**** EXERCISE MATERIAL ****

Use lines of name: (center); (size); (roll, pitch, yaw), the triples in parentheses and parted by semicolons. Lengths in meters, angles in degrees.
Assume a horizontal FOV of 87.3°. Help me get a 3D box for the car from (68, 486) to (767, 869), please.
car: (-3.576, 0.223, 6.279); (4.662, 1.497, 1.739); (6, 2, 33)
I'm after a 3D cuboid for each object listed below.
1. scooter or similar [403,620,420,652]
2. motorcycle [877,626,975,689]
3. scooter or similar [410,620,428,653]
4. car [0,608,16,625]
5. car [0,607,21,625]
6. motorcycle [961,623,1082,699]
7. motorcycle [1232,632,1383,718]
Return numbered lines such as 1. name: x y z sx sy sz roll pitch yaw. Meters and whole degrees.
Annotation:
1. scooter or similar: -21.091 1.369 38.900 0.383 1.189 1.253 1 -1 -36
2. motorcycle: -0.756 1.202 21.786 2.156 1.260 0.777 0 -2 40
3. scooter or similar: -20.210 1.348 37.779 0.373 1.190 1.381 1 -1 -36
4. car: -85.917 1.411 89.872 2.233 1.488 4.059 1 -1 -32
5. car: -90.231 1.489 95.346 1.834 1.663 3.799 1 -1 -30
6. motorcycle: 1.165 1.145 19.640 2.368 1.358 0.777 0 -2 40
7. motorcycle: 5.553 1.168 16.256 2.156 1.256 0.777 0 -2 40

****

● **PROBLEM STATEMENT**
Could you retype all of the entries exactly, leaving none out?

● **OUTPUT FOR THIS EXERCISE**
Use lines of name: (center); (size); (roll, pitch, yaw), the triples in parentheses and parted by semicolons. Lengths in meters, angles in degrees.
Assume a horizontal FOV of 87.3°. Help me get a 3D box for the car from (68, 486) to (767, 869), please.
car: (-3.576, 0.223, 6.279); (4.662, 1.497, 1.739); (6, 2, 33)
I'm after a 3D cuboid for each object listed below.
1. scooter or similar [403,620,420,652]
2. motorcycle [877,626,975,689]
3. scooter or similar [410,620,428,653]
4. car [0,608,16,625]
5. car [0,607,21,625]
6. motorcycle [961,623,1082,699]
7. motorcycle [1232,632,1383,718]
Return numbered lines such as 1. name: x y z sx sy sz roll pitch yaw. Meters and whole degrees.
Annotation:
1. scooter or similar: -21.091 1.369 38.900 0.383 1.189 1.253 1 -1 -36
2. motorcycle: -0.756 1.202 21.786 2.156 1.260 0.777 0 -2 40
3. scooter or similar: -20.210 1.348 37.779 0.373 1.190 1.381 1 -1 -36
4. car: -85.917 1.411 89.872 2.233 1.488 4.059 1 -1 -32
5. car: -90.231 1.489 95.346 1.834 1.663 3.799 1 -1 -30
6. motorcycle: 1.165 1.145 19.640 2.368 1.358 0.777 0 -2 40
7. motorcycle: 5.553 1.168 16.256 2.156 1.256 0.777 0 -2 40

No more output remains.